We can use vector (type, index) to identify a vector in batch. Each vector has its own specific subscript position (index) to represent the order of the vectors in the batch, and type information (type) to specify the type of the vector. Before evaluating the vectorized expression, we need to traverse the whole expression tree, allocate the subscript position according to the Operand and return value of each expression, and finally allocate memory to the vector according to the subscript position.

Delayed materialization

The design of selection array embodies the idea of delayed materialization. Refer to the paper "Materialization Strategies in a Column-Oriented DBMS". The so-called delayed matrialization is to postpone the process of materialization as much as possible to reduce the overhead of memory access. When performing expression evaluation, it is common to filter part of the data through Filter expressions, and then evaluate the filtered data; each filtering will affect all the vectors in batch. Taking the batch in the figure above as an example, if we set the filter condition vector (int, 0)! = 1 for the 0th vector, and assume that 90% of the data in vector (int, 0) meets this filter condition (selection rate selectivity = 0.9), then we need to re-materialize 90% of all vectors in batch into another block of memory. If we only record the locations that meet the filter condition and store them in the selection array, we can avoid this materialization process.

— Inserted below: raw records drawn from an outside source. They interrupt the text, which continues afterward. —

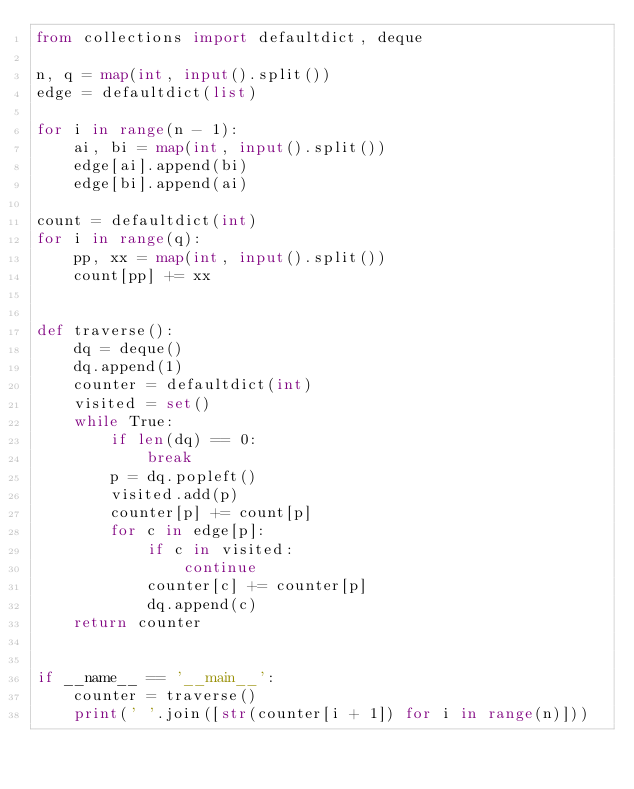<code> <loc_0><loc_0><loc_500><loc_500><_Python_>from collections import defaultdict, deque

n, q = map(int, input().split())
edge = defaultdict(list)

for i in range(n - 1):
    ai, bi = map(int, input().split())
    edge[ai].append(bi)
    edge[bi].append(ai)

count = defaultdict(int)
for i in range(q):
    pp, xx = map(int, input().split())
    count[pp] += xx


def traverse():
    dq = deque()
    dq.append(1)
    counter = defaultdict(int)
    visited = set()
    while True:
        if len(dq) == 0:
            break
        p = dq.popleft()
        visited.add(p)
        counter[p] += count[p]
        for c in edge[p]:
            if c in visited:
                continue
            counter[c] += counter[p]
            dq.append(c)
    return counter


if __name__ == '__main__':
    counter = traverse()
    print(' '.join([str(counter[i + 1]) for i in range(n)]))
</code> 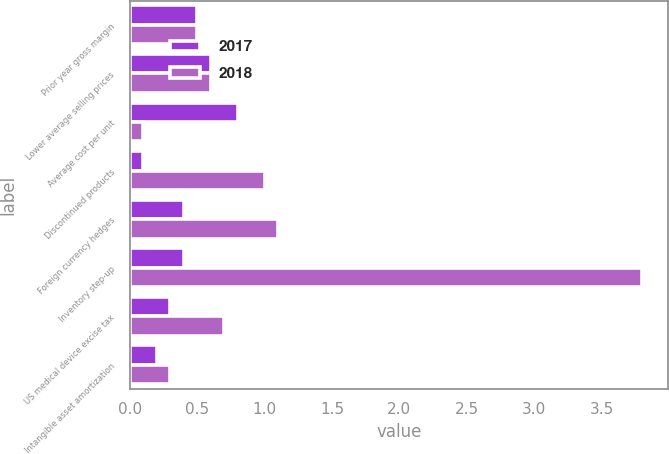<chart> <loc_0><loc_0><loc_500><loc_500><stacked_bar_chart><ecel><fcel>Prior year gross margin<fcel>Lower average selling prices<fcel>Average cost per unit<fcel>Discontinued products<fcel>Foreign currency hedges<fcel>Inventory step-up<fcel>US medical device excise tax<fcel>Intangible asset amortization<nl><fcel>2017<fcel>0.5<fcel>0.6<fcel>0.8<fcel>0.1<fcel>0.4<fcel>0.4<fcel>0.3<fcel>0.2<nl><fcel>2018<fcel>0.5<fcel>0.6<fcel>0.1<fcel>1<fcel>1.1<fcel>3.8<fcel>0.7<fcel>0.3<nl></chart> 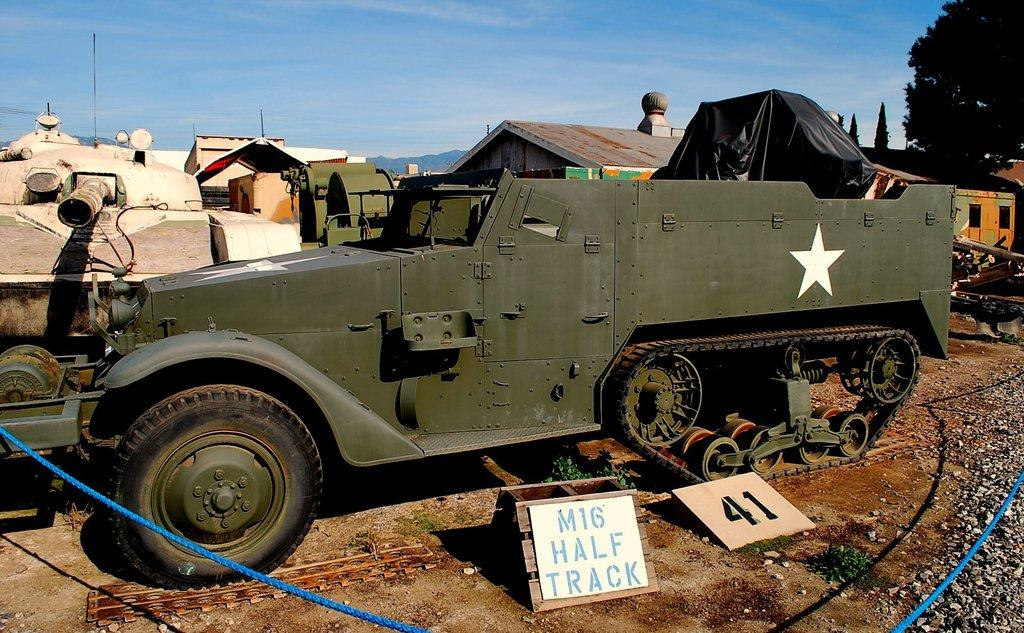What type of objects can be seen on the ground in the image? There are motor vehicles placed on the ground in the image. What other elements can be found in the image besides motor vehicles? There are shrubs, stones, pipelines, ropes, a building, trees, and the sky visible in the image. Can you describe the sky in the image? The sky is visible in the image, and there are clouds present. What type of oatmeal is being served to the cattle in the image? There are no cattle or oatmeal present in the image. 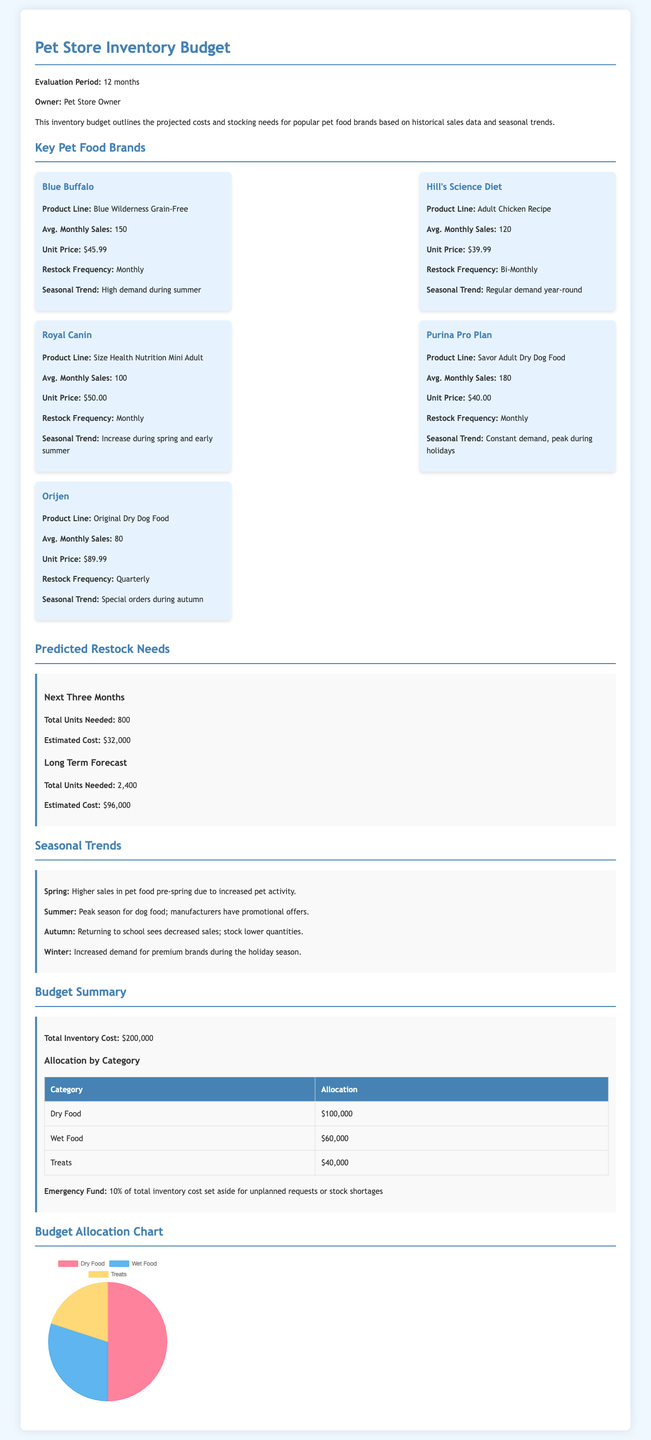What is the average monthly sales for Blue Buffalo? The average monthly sales for Blue Buffalo is provided in the document, which states it is 150 units.
Answer: 150 What is the unit price of Hill's Science Diet? The unit price for Hill's Science Diet is listed in the document as $39.99.
Answer: $39.99 What frequency is Royal Canin restocked? The document mentions the restock frequency for Royal Canin as Monthly.
Answer: Monthly What is the total inventory cost? The total inventory cost is explicitly stated in the budget summary as $200,000.
Answer: $200,000 During which season is there high demand for Blue Buffalo? The document notes that there is high demand for Blue Buffalo during summer.
Answer: Summer Which category has the highest allocation in the budget? The budget allocation clearly shows that Dry Food has the highest allocation at $100,000.
Answer: Dry Food How much is set aside for the emergency fund? The document specifies that 10% of the total inventory cost is set aside for an emergency fund, which amounts to $20,000.
Answer: $20,000 What is the seasonal trend for Purina Pro Plan? The document indicates that Purina Pro Plan has constant demand, with a peak during holidays.
Answer: Peak during holidays What is the total number of units needed for the next three months? The forecast section specifies that the total units needed for the next three months is 800.
Answer: 800

Accordingly, you need to refer to this selection array in each subsequent vectorization evaluation.

Vectorization primitive

The vectorization primitive is the execution unit in the vectorization execution system, which limits the degree of freedom during execution to the maximum extent. Primitives do not pay attention to context information, nor do they need to do type parsing and function calls at run time, but only need to pay attention to the incoming vectors. It is Type-Specific, that is, a class of primitives can only handle specific types.

The main body of the vectorization primitive is the code structure of Tight-Loop. In the body of a loop, only values and operations are needed, and there are no branch operations and function calls. A simple vectorization primitive structure is as follows:

Map_plus_double_col_double_col (int / res,double*__restrict__ vector1 / double*__restrict__ vector2,int*__restrict__ selection) {if (selection) {for (int jung0 / j 1 then b * 2else a * b)

Has the following tree structure:

Because scalar expressions are arranged according to volcano structure and provide a unified interface of next (), case expressions must execute all the sub-expressions a > 1 and 1, and then aggregate all the results together, and finally do case semantic processing. This method of execution can not terminate the evaluation process in time according to the processing result of the when expression, but execute indiscriminately on the whole subexpression.

After introducing the vectorization actuator, we can design short-circuit evaluation to optimize this problem, and each subexpression needs to be provided with an appropriate selection array, so as to correctly select the appropriate position in the column for vector operation.

On how to use the PolarDB-X vectorization engine to share here, I hope the above content can be of some help to you, can learn more knowledge. If you think the article is good, you can share it for more people to see.

Welcome to subscribe "Shulou Technology Information " to get latest news, interesting things and hot topics in the IT industry, and controls the hottest and latest Internet news, technology news and IT industry trends.

*The comments in the above article only represent the author's personal views and do not represent the views and positions of this website. If you have more insights, please feel free to contribute and share.